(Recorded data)
------------------------------------------------------------------------

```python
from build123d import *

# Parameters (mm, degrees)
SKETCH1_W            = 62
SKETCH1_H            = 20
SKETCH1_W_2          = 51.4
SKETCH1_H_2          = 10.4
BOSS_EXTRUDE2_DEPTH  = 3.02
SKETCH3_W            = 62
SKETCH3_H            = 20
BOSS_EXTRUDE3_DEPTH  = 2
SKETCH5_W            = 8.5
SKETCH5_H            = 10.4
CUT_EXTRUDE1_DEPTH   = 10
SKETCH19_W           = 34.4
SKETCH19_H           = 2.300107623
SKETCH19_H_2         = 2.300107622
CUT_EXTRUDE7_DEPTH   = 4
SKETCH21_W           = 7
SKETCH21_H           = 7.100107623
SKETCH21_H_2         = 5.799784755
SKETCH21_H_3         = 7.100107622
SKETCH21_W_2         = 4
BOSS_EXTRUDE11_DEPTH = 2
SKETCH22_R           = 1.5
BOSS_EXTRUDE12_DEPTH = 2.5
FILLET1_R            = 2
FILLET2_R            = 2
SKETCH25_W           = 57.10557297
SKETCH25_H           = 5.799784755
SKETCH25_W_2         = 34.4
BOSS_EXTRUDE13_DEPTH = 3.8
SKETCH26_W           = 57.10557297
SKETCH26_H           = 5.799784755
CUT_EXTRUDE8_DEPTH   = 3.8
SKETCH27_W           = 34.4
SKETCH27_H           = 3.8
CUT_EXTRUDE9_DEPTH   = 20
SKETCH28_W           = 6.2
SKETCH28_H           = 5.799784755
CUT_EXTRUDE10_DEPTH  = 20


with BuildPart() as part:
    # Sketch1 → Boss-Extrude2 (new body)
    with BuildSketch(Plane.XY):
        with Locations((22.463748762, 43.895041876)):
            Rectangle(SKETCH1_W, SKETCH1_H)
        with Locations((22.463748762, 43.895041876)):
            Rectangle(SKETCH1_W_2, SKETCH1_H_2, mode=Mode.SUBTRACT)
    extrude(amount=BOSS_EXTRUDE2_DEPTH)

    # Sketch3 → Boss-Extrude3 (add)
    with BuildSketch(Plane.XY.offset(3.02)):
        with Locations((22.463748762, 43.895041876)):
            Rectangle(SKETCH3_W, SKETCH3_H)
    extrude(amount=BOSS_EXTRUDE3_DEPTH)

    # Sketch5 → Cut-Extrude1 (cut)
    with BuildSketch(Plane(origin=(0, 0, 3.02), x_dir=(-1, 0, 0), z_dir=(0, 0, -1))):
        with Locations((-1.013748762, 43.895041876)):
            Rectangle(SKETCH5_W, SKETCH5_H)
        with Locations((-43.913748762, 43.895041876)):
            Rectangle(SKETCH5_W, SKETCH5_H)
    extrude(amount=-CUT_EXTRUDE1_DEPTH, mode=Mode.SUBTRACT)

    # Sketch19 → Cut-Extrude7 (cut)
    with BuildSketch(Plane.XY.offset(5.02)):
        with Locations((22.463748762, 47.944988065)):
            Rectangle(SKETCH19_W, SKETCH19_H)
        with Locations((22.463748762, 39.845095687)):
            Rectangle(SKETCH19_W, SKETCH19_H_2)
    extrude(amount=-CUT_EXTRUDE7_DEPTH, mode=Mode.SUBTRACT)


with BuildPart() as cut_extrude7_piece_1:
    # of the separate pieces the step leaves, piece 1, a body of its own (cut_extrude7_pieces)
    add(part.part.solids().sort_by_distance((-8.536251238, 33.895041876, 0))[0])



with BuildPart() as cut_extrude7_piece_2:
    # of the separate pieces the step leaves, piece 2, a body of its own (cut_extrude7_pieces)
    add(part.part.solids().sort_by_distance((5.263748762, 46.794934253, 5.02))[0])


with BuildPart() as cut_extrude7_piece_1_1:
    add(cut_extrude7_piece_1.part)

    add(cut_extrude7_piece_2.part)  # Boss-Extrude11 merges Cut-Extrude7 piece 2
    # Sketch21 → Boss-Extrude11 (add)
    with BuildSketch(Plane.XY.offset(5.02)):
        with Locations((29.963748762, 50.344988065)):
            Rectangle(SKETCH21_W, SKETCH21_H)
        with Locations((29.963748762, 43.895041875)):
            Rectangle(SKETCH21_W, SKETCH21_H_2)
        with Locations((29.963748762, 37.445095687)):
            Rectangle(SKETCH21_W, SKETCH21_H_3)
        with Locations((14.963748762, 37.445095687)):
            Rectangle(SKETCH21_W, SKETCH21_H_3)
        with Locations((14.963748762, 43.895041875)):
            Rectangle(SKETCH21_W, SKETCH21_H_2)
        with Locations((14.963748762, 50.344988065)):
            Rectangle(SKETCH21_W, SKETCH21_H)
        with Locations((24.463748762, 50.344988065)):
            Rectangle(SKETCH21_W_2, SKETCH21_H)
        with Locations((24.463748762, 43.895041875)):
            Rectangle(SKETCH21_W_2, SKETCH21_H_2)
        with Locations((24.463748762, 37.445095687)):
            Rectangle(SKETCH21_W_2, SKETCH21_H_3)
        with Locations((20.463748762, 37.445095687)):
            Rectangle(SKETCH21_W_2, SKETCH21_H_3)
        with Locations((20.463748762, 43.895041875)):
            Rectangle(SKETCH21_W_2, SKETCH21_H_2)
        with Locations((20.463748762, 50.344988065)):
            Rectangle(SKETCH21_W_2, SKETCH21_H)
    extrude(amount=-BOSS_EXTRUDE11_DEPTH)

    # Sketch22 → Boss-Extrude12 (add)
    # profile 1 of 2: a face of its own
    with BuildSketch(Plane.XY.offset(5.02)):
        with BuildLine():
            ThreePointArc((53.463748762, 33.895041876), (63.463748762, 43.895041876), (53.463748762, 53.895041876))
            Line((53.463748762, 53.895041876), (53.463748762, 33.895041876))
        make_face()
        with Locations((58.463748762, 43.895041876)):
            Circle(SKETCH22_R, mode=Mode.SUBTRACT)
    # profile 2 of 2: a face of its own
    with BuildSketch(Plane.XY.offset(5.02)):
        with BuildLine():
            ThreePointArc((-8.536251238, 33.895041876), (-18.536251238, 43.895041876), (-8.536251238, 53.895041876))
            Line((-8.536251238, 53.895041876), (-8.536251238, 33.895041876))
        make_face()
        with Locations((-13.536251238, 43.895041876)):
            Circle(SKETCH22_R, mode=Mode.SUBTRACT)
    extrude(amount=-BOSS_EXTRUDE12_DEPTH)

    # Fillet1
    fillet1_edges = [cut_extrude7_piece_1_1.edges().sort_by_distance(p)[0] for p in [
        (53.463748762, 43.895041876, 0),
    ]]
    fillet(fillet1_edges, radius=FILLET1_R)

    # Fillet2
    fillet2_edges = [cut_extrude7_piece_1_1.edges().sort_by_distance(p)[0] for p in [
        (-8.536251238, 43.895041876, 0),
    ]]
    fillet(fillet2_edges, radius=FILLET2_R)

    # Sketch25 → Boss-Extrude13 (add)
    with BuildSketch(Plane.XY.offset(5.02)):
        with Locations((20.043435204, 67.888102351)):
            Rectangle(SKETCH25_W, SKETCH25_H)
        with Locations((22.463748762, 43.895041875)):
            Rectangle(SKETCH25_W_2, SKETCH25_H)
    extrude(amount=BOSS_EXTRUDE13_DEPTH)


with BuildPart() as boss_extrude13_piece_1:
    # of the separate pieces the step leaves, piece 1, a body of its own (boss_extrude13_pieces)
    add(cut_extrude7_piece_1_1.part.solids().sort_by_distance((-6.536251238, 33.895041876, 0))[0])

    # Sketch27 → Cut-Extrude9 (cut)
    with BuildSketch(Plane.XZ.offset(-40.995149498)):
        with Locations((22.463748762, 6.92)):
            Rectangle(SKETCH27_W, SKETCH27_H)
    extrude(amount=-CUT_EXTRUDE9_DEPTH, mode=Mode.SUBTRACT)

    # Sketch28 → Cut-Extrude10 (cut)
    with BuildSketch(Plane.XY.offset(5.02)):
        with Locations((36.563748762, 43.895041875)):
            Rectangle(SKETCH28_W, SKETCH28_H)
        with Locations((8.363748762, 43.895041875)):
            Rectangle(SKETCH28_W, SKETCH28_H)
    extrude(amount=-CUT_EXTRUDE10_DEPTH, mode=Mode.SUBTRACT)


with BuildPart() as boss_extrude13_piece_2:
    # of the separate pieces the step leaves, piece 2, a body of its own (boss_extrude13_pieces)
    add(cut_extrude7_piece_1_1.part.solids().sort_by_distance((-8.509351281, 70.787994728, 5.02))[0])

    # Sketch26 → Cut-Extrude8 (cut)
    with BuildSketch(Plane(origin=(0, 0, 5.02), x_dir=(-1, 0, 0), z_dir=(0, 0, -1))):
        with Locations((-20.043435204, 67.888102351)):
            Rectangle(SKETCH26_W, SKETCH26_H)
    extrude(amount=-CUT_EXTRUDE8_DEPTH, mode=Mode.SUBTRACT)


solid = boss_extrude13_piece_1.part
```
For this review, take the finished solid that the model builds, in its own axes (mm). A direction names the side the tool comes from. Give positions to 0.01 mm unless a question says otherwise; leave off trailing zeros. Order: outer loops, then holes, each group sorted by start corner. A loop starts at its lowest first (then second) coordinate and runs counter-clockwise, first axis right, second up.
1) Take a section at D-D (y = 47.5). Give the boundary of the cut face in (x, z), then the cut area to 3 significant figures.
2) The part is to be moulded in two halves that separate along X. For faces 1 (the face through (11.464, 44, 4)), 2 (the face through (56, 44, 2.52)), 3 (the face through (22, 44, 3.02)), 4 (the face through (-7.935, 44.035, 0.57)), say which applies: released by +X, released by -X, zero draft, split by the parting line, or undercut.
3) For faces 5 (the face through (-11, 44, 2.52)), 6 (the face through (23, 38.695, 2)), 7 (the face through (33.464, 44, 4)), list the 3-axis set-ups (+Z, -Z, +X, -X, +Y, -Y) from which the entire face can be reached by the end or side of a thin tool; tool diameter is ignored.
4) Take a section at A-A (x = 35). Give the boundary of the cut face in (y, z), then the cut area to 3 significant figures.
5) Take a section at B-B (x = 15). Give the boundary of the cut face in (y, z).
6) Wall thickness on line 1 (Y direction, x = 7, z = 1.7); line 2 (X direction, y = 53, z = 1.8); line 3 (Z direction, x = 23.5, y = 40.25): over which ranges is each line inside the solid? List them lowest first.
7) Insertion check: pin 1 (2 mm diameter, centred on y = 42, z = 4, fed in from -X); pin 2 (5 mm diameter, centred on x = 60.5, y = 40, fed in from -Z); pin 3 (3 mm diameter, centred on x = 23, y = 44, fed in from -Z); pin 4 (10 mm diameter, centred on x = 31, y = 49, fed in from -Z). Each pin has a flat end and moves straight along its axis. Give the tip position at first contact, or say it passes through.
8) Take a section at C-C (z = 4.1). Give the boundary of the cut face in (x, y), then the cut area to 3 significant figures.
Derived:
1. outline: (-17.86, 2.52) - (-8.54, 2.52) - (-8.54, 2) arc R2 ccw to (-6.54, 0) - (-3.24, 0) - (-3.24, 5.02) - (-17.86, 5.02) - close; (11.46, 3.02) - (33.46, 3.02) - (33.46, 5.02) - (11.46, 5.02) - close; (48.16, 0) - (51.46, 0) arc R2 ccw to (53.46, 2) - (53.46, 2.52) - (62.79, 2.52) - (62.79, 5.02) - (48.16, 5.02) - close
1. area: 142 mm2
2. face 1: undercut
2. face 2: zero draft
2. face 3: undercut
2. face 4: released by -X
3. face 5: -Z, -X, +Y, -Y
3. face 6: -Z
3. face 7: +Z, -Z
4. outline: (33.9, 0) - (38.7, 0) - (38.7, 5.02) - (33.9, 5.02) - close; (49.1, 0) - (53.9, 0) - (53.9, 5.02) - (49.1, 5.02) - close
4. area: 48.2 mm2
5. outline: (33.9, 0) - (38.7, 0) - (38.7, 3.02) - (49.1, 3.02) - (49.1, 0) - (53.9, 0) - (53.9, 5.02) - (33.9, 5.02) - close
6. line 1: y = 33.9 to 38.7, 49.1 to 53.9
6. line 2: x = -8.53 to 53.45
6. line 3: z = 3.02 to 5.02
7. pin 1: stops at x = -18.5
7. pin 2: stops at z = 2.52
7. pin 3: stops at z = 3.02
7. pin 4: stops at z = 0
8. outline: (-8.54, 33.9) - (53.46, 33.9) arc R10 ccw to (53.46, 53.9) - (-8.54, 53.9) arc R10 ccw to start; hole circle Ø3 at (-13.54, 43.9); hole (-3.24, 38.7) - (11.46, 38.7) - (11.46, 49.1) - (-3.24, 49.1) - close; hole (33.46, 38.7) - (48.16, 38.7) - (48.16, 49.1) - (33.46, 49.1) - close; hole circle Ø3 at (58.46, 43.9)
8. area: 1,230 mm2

------------------------------------------------------------------------

### WHAT THE TASK REQUIRES
Go through the lines above and tally those with the string "radius". The total is all that is needed.

### SOLUTION FOR THIS PROBLEM
2